Collected data:
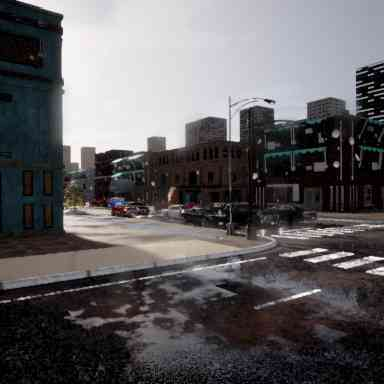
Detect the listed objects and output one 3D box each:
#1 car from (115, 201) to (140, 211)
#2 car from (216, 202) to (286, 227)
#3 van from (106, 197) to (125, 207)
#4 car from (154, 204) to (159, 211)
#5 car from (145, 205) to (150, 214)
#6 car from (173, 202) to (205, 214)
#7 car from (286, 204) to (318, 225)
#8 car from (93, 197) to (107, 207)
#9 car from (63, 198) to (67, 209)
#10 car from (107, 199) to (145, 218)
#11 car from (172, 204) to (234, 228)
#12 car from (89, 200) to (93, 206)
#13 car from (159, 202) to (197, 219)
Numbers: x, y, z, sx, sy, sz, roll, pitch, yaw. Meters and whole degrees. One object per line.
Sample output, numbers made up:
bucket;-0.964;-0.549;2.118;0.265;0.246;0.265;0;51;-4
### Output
car;-9.622;2.086;49.372;1.895;1.301;4.718;-1;0;-35
car;4.189;1.547;24.246;2.097;1.767;4.553;-1;0;-34
van;-13.195;1.907;58.861;1.690;1.788;3.998;-1;0;-35
car;-3.583;1.966;45.316;1.802;1.307;4.206;-2;0;-35
car;-6.814;1.918;39.890;1.837;1.490;4.892;-1;0;-35
car;-0.382;1.903;40.802;1.802;1.307;4.206;-2;0;-35
car;7.156;1.648;25.457;2.128;1.511;4.902;-1;0;-36
car;-16.398;1.940;63.376;2.192;1.841;5.009;-1;0;-35
car;-23.129;2.233;58.388;1.752;1.417;4.829;-1;0;-35
car;-7.219;1.846;35.952;1.967;1.590;4.097;-1;0;-35
car;0.713;1.814;24.563;1.947;1.339;4.313;-1;0;-35
car;-19.594;2.228;67.891;1.887;1.381;4.507;-1;0;-35
car;-0.906;1.898;31.549;1.895;1.301;4.718;-1;0;-35
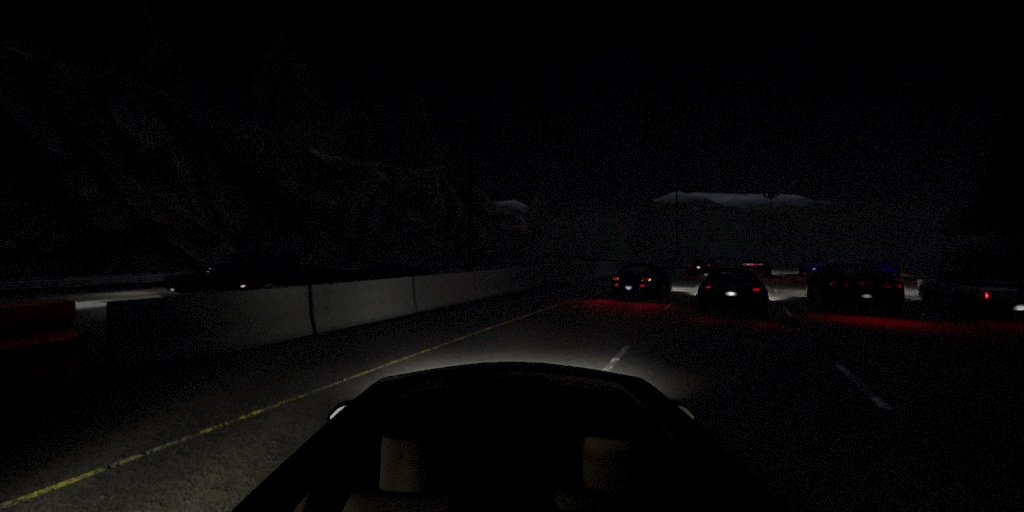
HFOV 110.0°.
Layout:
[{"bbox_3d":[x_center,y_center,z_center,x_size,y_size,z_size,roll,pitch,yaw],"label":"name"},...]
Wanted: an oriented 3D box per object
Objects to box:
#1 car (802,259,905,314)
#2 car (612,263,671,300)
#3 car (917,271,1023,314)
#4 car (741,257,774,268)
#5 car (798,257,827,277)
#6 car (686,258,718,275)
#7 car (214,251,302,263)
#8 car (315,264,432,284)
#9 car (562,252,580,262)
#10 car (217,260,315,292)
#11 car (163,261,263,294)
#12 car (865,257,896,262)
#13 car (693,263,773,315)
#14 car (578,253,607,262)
[{"bbox_3d":[12.123,1.028,12.953,1.882,1.535,5.008,0,1,33],"label":"car"},{"bbox_3d":[5.891,1.040,16.217,1.812,1.442,4.674,0,1,33],"label":"car"},{"bbox_3d":[15.661,1.157,12.002,1.895,1.301,4.718,0,1,34],"label":"car"},{"bbox_3d":[18.903,0.798,27.786,2.128,1.511,4.902,1,1,40],"label":"car"},{"bbox_3d":[23.379,0.777,27.639,1.882,1.535,5.008,1,1,41],"label":"car"},{"bbox_3d":[15.922,0.849,29.661,1.994,1.385,4.181,1,1,40],"label":"car"},{"bbox_3d":[-15.627,0.699,21.748,2.150,2.045,5.566,0,1,31],"label":"car"},{"bbox_3d":[-6.133,1.073,17.218,2.033,1.411,5.357,0,1,31],"label":"car"},{"bbox_3d":[9.422,0.095,53.921,4.181,1.385,1.994,-1,1,-45],"label":"car"},{"bbox_3d":[-10.264,1.084,17.108,2.033,1.411,5.357,0,1,30],"label":"car"},{"bbox_3d":[-13.905,1.136,17.751,1.895,1.301,4.718,0,1,30],"label":"car"},{"bbox_3d":[26.824,0.791,26.247,1.882,1.535,5.008,1,1,42],"label":"car"},{"bbox_3d":[7.927,1.124,12.884,1.994,1.385,4.181,0,1,32],"label":"car"},{"bbox_3d":[11.894,0.525,51.448,4.181,1.385,1.994,-1,1,-45],"label":"car"}]

→ **WHAT IS EXPECTED**:
Please write the data out again exactly, but do not carry over the pictures.

→ **SOLUTION FOR THIS EXERCISE**:
Detect the listed objects and output one 3D box each:
#1 car from (115, 201) to (140, 211)
#2 car from (216, 202) to (286, 227)
#3 van from (106, 197) to (125, 207)
#4 car from (154, 204) to (159, 211)
#5 car from (145, 205) to (150, 214)
#6 car from (173, 202) to (205, 214)
#7 car from (286, 204) to (318, 225)
#8 car from (93, 197) to (107, 207)
#9 car from (63, 198) to (67, 209)
#10 car from (107, 199) to (145, 218)
#11 car from (172, 204) to (234, 228)
#12 car from (89, 200) to (93, 206)
#13 car from (159, 202) to (197, 219)
Numbers: x, y, z, sx, sy, sz, roll, pitch, yaw. Meters and whole degrees. One object per line.
Sample output, numbers made up:
bucket;-0.964;-0.549;2.118;0.265;0.246;0.265;0;51;-4
### Output
car;-9.622;2.086;49.372;1.895;1.301;4.718;-1;0;-35
car;4.189;1.547;24.246;2.097;1.767;4.553;-1;0;-34
van;-13.195;1.907;58.861;1.690;1.788;3.998;-1;0;-35
car;-3.583;1.966;45.316;1.802;1.307;4.206;-2;0;-35
car;-6.814;1.918;39.890;1.837;1.490;4.892;-1;0;-35
car;-0.382;1.903;40.802;1.802;1.307;4.206;-2;0;-35
car;7.156;1.648;25.457;2.128;1.511;4.902;-1;0;-36
car;-16.398;1.940;63.376;2.192;1.841;5.009;-1;0;-35
car;-23.129;2.233;58.388;1.752;1.417;4.829;-1;0;-35
car;-7.219;1.846;35.952;1.967;1.590;4.097;-1;0;-35
car;0.713;1.814;24.563;1.947;1.339;4.313;-1;0;-35
car;-19.594;2.228;67.891;1.887;1.381;4.507;-1;0;-35
car;-0.906;1.898;31.549;1.895;1.301;4.718;-1;0;-35
HFOV 110.0°.
Layout:
[{"bbox_3d":[x_center,y_center,z_center,x_size,y_size,z_size,roll,pitch,yaw],"label":"name"},...]
Wanted: an oriented 3D box per object
Objects to box:
#1 car (802,259,905,314)
#2 car (612,263,671,300)
#3 car (917,271,1023,314)
#4 car (741,257,774,268)
#5 car (798,257,827,277)
#6 car (686,258,718,275)
#7 car (214,251,302,263)
#8 car (315,264,432,284)
#9 car (562,252,580,262)
#10 car (217,260,315,292)
#11 car (163,261,263,294)
#12 car (865,257,896,262)
#13 car (693,263,773,315)
#14 car (578,253,607,262)
[{"bbox_3d":[12.123,1.028,12.953,1.882,1.535,5.008,0,1,33],"label":"car"},{"bbox_3d":[5.891,1.040,16.217,1.812,1.442,4.674,0,1,33],"label":"car"},{"bbox_3d":[15.661,1.157,12.002,1.895,1.301,4.718,0,1,34],"label":"car"},{"bbox_3d":[18.903,0.798,27.786,2.128,1.511,4.902,1,1,40],"label":"car"},{"bbox_3d":[23.379,0.777,27.639,1.882,1.535,5.008,1,1,41],"label":"car"},{"bbox_3d":[15.922,0.849,29.661,1.994,1.385,4.181,1,1,40],"label":"car"},{"bbox_3d":[-15.627,0.699,21.748,2.150,2.045,5.566,0,1,31],"label":"car"},{"bbox_3d":[-6.133,1.073,17.218,2.033,1.411,5.357,0,1,31],"label":"car"},{"bbox_3d":[9.422,0.095,53.921,4.181,1.385,1.994,-1,1,-45],"label":"car"},{"bbox_3d":[-10.264,1.084,17.108,2.033,1.411,5.357,0,1,30],"label":"car"},{"bbox_3d":[-13.905,1.136,17.751,1.895,1.301,4.718,0,1,30],"label":"car"},{"bbox_3d":[26.824,0.791,26.247,1.882,1.535,5.008,1,1,42],"label":"car"},{"bbox_3d":[7.927,1.124,12.884,1.994,1.385,4.181,0,1,32],"label":"car"},{"bbox_3d":[11.894,0.525,51.448,4.181,1.385,1.994,-1,1,-45],"label":"car"}]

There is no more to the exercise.